Asked by: Andrew Snowden (Conservative - Fylde)
Question to the Department of Health and Social Care:
To ask the Secretary of State for Health and Social Care, what assessment he has made of the average length of time of a GP appointment.
Answered by Stephen Kinnock - Minister of State (Department of Health and Social Care)
The Department of Health and Social Care has indicated that it will not be possible to answer this question within the usual time period. An answer is being prepared and will be provided as soon as it is available.
Asked by: Andrew Snowden (Conservative - Fylde)
Question to the Department of Health and Social Care:
To ask the Secretary of State for Health and Social Care, what assessment he has made of whether disabled parking provision at NHS and primary care premises is adequate to meet patient demand.
Answered by Karin Smyth - Minister of State (Department of Health and Social Care)
No national assessment he has made of whether disabled parking provision at National Health Service and primary care premises is adequate to meet patient demand.
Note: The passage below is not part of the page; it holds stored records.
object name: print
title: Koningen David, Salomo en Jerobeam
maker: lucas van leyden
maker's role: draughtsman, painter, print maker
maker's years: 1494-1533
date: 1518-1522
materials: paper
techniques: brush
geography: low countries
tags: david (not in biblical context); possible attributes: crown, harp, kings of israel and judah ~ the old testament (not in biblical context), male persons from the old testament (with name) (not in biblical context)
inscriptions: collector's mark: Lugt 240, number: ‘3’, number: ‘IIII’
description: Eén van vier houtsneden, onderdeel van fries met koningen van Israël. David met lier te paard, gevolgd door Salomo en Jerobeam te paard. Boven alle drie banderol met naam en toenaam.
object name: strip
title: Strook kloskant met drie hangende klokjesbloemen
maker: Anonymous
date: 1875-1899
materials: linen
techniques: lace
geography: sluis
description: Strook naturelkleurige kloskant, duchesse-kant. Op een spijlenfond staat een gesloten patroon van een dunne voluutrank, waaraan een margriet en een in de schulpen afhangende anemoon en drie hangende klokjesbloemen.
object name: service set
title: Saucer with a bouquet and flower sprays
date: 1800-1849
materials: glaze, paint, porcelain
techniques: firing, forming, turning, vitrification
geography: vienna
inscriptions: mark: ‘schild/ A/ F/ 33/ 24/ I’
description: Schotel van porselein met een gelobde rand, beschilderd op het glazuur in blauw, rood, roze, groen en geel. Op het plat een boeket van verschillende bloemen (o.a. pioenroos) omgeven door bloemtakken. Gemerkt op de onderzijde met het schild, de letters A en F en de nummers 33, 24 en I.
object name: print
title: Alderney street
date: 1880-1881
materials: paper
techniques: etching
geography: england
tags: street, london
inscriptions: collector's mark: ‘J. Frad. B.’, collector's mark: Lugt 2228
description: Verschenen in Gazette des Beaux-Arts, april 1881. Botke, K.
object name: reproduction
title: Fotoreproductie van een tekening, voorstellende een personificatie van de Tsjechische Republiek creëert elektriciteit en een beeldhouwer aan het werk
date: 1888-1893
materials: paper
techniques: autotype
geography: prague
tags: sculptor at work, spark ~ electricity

Disabled parking provision on the public sector estate is mandated through national planning rules, and all NHS facilities must meet the requirements.
NHS organisations decide how they provide parking locally, based on the needs of patients, visitors, and staff, as well as environmental factors. The NHS car parking guidance requires free parking to be provided for four groups: disabled people; frequent outpatient attenders; parents of sick children staying overnight; and staff working night shifts. Further information is avaiable at the following link:
Asked by: Andrew Snowden (Conservative - Fylde)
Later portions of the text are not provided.